Nay, then, 'twas held no scorn to copy out,
And pause, and pore, till texts were free from doubt;
Genius himself on such slow task might moil;
Where great the End, ne'er vulgar is the Toil.

Oh matchless line of years, whose generous strife
Reared man's reviving mind to perfect life.
Then Petrarch's native lay refined on love;
Then Angelo the' impetuous chisel drove;
Then Oracles, that stirred young Raphael's breast,
Spoke forth in colours, clear as words, exprest;

And Learning, made no coldly gainful art,
Was Sacrifice, and offered from the heart.

When first, our questing age to scourge or bless,
Ingenious Faust had framed the wondrous press,
And taught to each, intent on good or ill,
To waft on volant leaf the thought at will,
Along the skies what dubious omen sailed,
What prophecy or greeted, or bewailed?
Or who might guess from whence the power was given,
Upsent—from hell—to tempt, or dropt—in love—from heaven?

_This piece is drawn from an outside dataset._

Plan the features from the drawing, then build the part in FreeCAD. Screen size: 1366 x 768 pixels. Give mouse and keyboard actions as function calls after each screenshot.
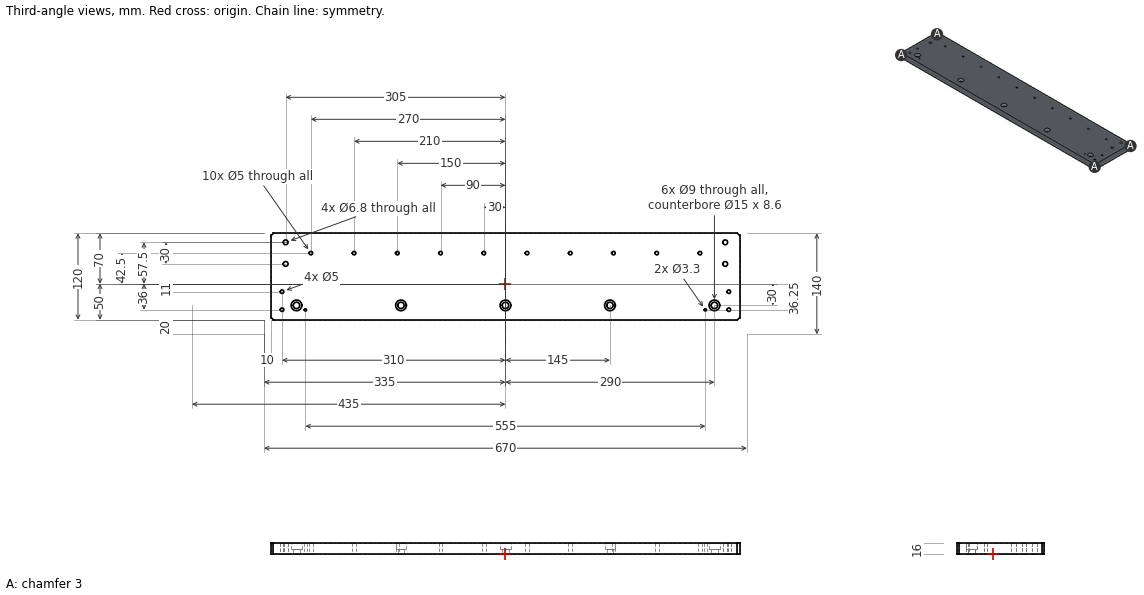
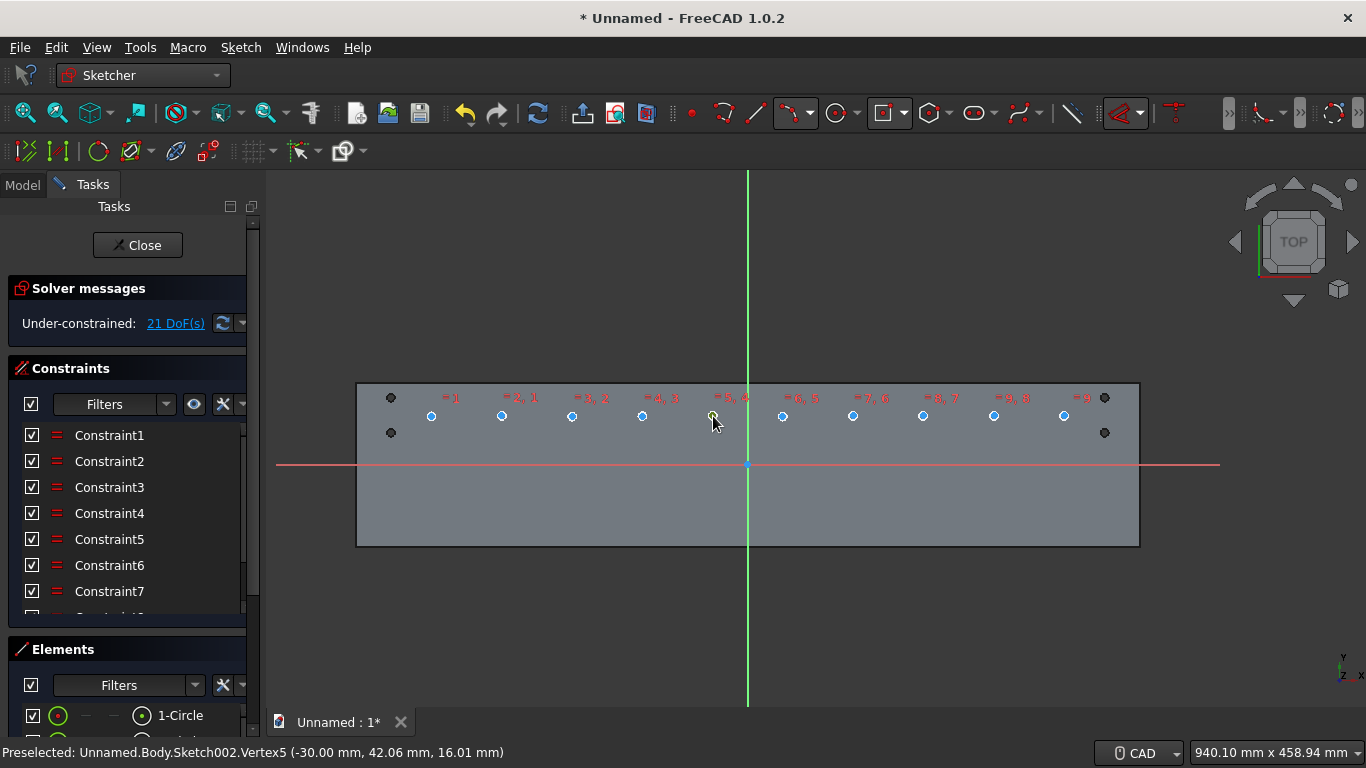
click(783, 417)

Come back, long-toiling Faust! come back and see
The produce of thy Good-and-Evil tree;
Count o'er its mingled fruits of joy and pain,
Then say if thou wouldst plant it o'er again!
Thou too, wise Caliph Omar! who art said
All Alexandria's ovens to have fed,
Visit our shelves once more. Where'er we look
Pamphlet on pamphlet, book buds out on book;
Turn wheresoe'er we will, new volumes sprout;
Some of fair promise; most lack clearing out.

Come, then, thou Critic-Caliph—come again,
Nor decimate; but take the nine in ten!

B. —The ground thus cleared, you plant your own instead,
And shrewdly gain one chance of being read.